Dataset items:
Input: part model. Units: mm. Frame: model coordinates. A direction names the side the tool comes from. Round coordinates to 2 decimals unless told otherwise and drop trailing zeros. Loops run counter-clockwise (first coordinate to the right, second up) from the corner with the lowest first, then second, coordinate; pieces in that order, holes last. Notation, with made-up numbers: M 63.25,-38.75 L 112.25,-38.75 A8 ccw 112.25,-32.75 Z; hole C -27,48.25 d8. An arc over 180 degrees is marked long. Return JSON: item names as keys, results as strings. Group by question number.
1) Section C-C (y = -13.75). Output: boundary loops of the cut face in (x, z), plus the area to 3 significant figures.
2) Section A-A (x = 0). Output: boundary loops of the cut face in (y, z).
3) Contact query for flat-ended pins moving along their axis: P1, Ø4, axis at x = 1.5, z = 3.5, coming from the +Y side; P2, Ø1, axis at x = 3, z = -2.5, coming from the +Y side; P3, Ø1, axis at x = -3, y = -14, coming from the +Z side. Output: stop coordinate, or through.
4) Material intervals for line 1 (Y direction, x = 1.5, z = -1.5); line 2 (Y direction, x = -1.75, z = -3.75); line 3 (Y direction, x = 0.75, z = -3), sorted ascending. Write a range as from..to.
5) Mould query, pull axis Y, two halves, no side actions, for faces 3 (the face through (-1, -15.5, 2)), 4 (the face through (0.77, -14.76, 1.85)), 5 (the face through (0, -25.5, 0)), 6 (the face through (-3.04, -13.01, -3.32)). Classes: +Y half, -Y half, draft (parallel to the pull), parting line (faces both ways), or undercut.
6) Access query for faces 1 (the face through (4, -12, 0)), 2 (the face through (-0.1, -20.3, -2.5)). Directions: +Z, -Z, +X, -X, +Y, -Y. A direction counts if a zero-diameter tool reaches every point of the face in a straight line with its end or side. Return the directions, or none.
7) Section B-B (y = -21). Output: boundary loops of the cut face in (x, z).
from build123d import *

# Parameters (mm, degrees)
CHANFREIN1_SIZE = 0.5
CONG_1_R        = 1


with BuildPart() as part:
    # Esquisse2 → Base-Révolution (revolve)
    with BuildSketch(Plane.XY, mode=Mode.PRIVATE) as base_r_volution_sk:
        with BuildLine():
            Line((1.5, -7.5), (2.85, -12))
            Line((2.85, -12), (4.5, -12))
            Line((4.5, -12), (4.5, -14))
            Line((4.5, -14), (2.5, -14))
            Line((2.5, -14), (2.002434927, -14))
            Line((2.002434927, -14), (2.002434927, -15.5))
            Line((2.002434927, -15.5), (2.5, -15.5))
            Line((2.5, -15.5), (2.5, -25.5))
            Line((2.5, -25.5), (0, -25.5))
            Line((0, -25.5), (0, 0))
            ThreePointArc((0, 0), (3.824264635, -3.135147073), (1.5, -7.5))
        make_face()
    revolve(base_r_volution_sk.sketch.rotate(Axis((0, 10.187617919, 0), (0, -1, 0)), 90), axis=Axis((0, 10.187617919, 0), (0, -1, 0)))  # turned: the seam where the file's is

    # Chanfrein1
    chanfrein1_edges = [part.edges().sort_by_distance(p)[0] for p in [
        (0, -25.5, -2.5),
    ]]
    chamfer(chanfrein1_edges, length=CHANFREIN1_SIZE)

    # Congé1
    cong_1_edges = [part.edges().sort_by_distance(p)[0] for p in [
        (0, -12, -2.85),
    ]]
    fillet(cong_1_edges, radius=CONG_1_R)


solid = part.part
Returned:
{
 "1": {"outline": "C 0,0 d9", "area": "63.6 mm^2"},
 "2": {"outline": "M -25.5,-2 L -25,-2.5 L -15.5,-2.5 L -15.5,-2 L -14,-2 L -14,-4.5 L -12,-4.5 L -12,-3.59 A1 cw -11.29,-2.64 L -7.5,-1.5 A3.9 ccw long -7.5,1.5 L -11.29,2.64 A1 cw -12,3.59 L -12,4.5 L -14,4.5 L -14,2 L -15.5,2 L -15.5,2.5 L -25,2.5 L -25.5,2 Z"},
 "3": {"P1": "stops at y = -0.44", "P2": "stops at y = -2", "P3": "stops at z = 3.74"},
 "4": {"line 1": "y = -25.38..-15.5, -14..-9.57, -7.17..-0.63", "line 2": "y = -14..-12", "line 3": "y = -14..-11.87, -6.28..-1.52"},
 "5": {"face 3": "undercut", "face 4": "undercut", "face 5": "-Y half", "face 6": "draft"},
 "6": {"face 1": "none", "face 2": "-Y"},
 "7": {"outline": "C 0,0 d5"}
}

## ABOUT THIS EXERCISE
Transcribe all of the entries without alteration.

## ANSWER TO THIS EXERCISE
Input: part model. Units: mm. Frame: model coordinates. A direction names the side the tool comes from. Round coordinates to 2 decimals unless told otherwise and drop trailing zeros. Loops run counter-clockwise (first coordinate to the right, second up) from the corner with the lowest first, then second, coordinate; pieces in that order, holes last. Notation, with made-up numbers: M 63.25,-38.75 L 112.25,-38.75 A8 ccw 112.25,-32.75 Z; hole C -27,48.25 d8. An arc over 180 degrees is marked long. Return JSON: item names as keys, results as strings. Group by question number.
1) Section C-C (y = -13.75). Output: boundary loops of the cut face in (x, z), plus the area to 3 significant figures.
2) Section A-A (x = 0). Output: boundary loops of the cut face in (y, z).
3) Contact query for flat-ended pins moving along their axis: P1, Ø4, axis at x = 1.5, z = 3.5, coming from the +Y side; P2, Ø1, axis at x = 3, z = -2.5, coming from the +Y side; P3, Ø1, axis at x = -3, y = -14, coming from the +Z side. Output: stop coordinate, or through.
4) Material intervals for line 1 (Y direction, x = 1.5, z = -1.5); line 2 (Y direction, x = -1.75, z = -3.75); line 3 (Y direction, x = 0.75, z = -3), sorted ascending. Write a range as from..to.
5) Mould query, pull axis Y, two halves, no side actions, for faces 3 (the face through (-1, -15.5, 2)), 4 (the face through (0.77, -14.76, 1.85)), 5 (the face through (0, -25.5, 0)), 6 (the face through (-3.04, -13.01, -3.32)). Classes: +Y half, -Y half, draft (parallel to the pull), parting line (faces both ways), or undercut.
6) Access query for faces 1 (the face through (4, -12, 0)), 2 (the face through (-0.1, -20.3, -2.5)). Directions: +Z, -Z, +X, -X, +Y, -Y. A direction counts if a zero-diameter tool reaches every point of the face in a straight line with its end or side. Return the directions, or none.
7) Section B-B (y = -21). Output: boundary loops of the cut face in (x, z).
from build123d import *

# Parameters (mm, degrees)
CHANFREIN1_SIZE = 0.5
CONG_1_R        = 1


with BuildPart() as part:
    # Esquisse2 → Base-Révolution (revolve)
    with BuildSketch(Plane.XY, mode=Mode.PRIVATE) as base_r_volution_sk:
        with BuildLine():
            Line((1.5, -7.5), (2.85, -12))
            Line((2.85, -12), (4.5, -12))
            Line((4.5, -12), (4.5, -14))
            Line((4.5, -14), (2.5, -14))
            Line((2.5, -14), (2.002434927, -14))
            Line((2.002434927, -14), (2.002434927, -15.5))
            Line((2.002434927, -15.5), (2.5, -15.5))
            Line((2.5, -15.5), (2.5, -25.5))
            Line((2.5, -25.5), (0, -25.5))
            Line((0, -25.5), (0, 0))
            ThreePointArc((0, 0), (3.824264635, -3.135147073), (1.5, -7.5))
        make_face()
    revolve(base_r_volution_sk.sketch.rotate(Axis((0, 10.187617919, 0), (0, -1, 0)), 90), axis=Axis((0, 10.187617919, 0), (0, -1, 0)))  # turned: the seam where the file's is

    # Chanfrein1
    chanfrein1_edges = [part.edges().sort_by_distance(p)[0] for p in [
        (0, -25.5, -2.5),
    ]]
    chamfer(chanfrein1_edges, length=CHANFREIN1_SIZE)

    # Congé1
    cong_1_edges = [part.edges().sort_by_distance(p)[0] for p in [
        (0, -12, -2.85),
    ]]
    fillet(cong_1_edges, radius=CONG_1_R)


solid = part.part
Returned:
{
 "1": {"outline": "C 0,0 d9", "area": "63.6 mm^2"},
 "2": {"outline": "M -25.5,-2 L -25,-2.5 L -15.5,-2.5 L -15.5,-2 L -14,-2 L -14,-4.5 L -12,-4.5 L -12,-3.59 A1 cw -11.29,-2.64 L -7.5,-1.5 A3.9 ccw long -7.5,1.5 L -11.29,2.64 A1 cw -12,3.59 L -12,4.5 L -14,4.5 L -14,2 L -15.5,2 L -15.5,2.5 L -25,2.5 L -25.5,2 Z"},
 "3": {"P1": "stops at y = -0.44", "P2": "stops at y = -2", "P3": "stops at z = 3.74"},
 "4": {"line 1": "y = -25.38..-15.5, -14..-9.57, -7.17..-0.63", "line 2": "y = -14..-12", "line 3": "y = -14..-11.87, -6.28..-1.52"},
 "5": {"face 3": "undercut", "face 4": "undercut", "face 5": "-Y half", "face 6": "draft"},
 "6": {"face 1": "none", "face 2": "-Y"},
 "7": {"outline": "C 0,0 d5"}
}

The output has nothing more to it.